» **Action item**: Of the lines in the data below, write out exactly those from the one holding "You are a helpful" through the one holding "Sample output, numbers", both included.

*** Dataset excerpts ***

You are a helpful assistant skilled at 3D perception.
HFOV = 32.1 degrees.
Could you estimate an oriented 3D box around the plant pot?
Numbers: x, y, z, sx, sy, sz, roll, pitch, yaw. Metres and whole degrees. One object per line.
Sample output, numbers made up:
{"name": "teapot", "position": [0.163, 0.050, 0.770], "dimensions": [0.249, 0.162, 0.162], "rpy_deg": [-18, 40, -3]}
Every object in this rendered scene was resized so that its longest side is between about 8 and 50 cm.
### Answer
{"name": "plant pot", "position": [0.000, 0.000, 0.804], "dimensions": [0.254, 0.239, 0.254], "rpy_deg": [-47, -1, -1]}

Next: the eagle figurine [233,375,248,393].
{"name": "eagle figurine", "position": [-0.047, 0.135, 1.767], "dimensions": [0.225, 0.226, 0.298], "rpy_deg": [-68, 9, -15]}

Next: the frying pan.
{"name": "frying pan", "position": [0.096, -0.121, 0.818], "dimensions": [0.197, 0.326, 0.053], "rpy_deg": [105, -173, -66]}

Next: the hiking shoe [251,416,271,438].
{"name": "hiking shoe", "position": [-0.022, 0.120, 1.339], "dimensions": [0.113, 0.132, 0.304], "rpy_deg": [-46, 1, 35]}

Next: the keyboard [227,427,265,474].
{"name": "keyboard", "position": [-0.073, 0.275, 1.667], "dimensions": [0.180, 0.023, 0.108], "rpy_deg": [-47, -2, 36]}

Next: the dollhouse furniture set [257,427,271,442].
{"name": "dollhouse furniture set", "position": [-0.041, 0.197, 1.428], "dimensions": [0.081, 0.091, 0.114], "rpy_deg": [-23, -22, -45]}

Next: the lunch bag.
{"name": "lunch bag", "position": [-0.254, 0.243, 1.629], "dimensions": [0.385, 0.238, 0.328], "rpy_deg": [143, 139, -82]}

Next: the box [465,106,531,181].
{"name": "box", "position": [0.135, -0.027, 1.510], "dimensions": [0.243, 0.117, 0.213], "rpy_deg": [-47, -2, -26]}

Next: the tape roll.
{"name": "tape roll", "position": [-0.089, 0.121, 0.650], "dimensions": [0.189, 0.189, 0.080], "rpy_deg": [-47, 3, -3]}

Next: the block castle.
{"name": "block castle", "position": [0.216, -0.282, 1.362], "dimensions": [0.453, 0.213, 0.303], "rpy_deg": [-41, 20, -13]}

*** End of Dataset excerpts ***
*** Dataset excerpts ***

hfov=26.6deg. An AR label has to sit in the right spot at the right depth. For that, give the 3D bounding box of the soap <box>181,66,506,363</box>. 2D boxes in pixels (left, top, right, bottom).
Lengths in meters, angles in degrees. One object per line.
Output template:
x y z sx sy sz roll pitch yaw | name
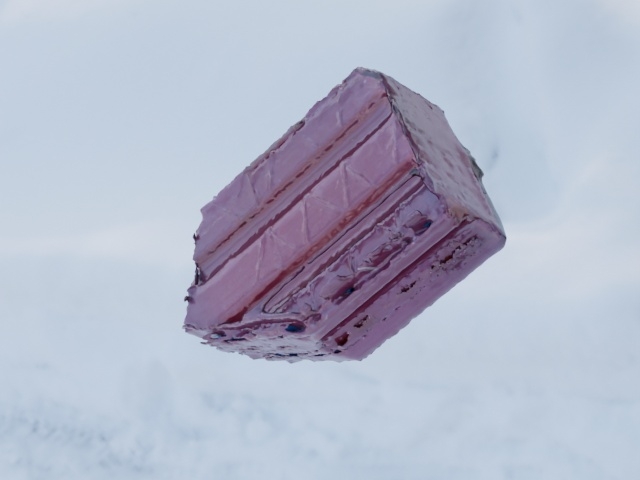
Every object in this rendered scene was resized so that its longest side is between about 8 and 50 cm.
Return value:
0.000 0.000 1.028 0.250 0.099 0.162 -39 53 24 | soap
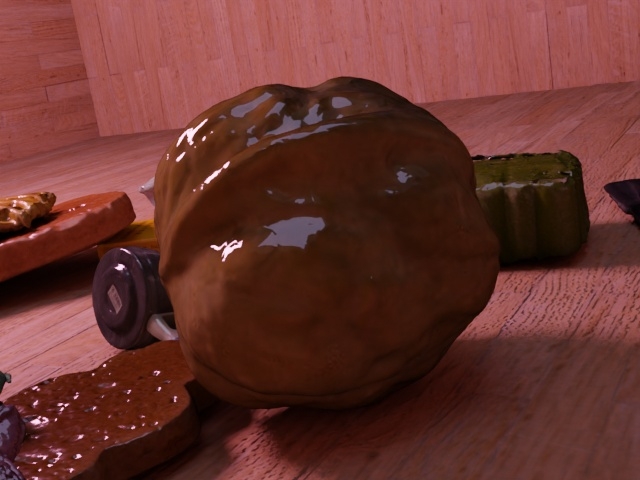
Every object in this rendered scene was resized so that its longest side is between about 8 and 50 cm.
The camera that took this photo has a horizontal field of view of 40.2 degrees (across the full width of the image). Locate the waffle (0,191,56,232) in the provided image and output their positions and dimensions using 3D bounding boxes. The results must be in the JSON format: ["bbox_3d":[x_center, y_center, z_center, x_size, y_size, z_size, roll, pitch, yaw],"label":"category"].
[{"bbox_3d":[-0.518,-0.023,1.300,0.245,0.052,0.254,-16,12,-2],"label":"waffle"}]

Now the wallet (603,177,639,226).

*** End of Dataset excerpts ***

» **Your solution**:
You are a helpful assistant skilled at 3D perception.
HFOV = 32.1 degrees.
Could you estimate an oriented 3D box around the plant pot?
Numbers: x, y, z, sx, sy, sz, roll, pitch, yaw. Metres and whole degrees. One object per line.
Sample output, numbers made up:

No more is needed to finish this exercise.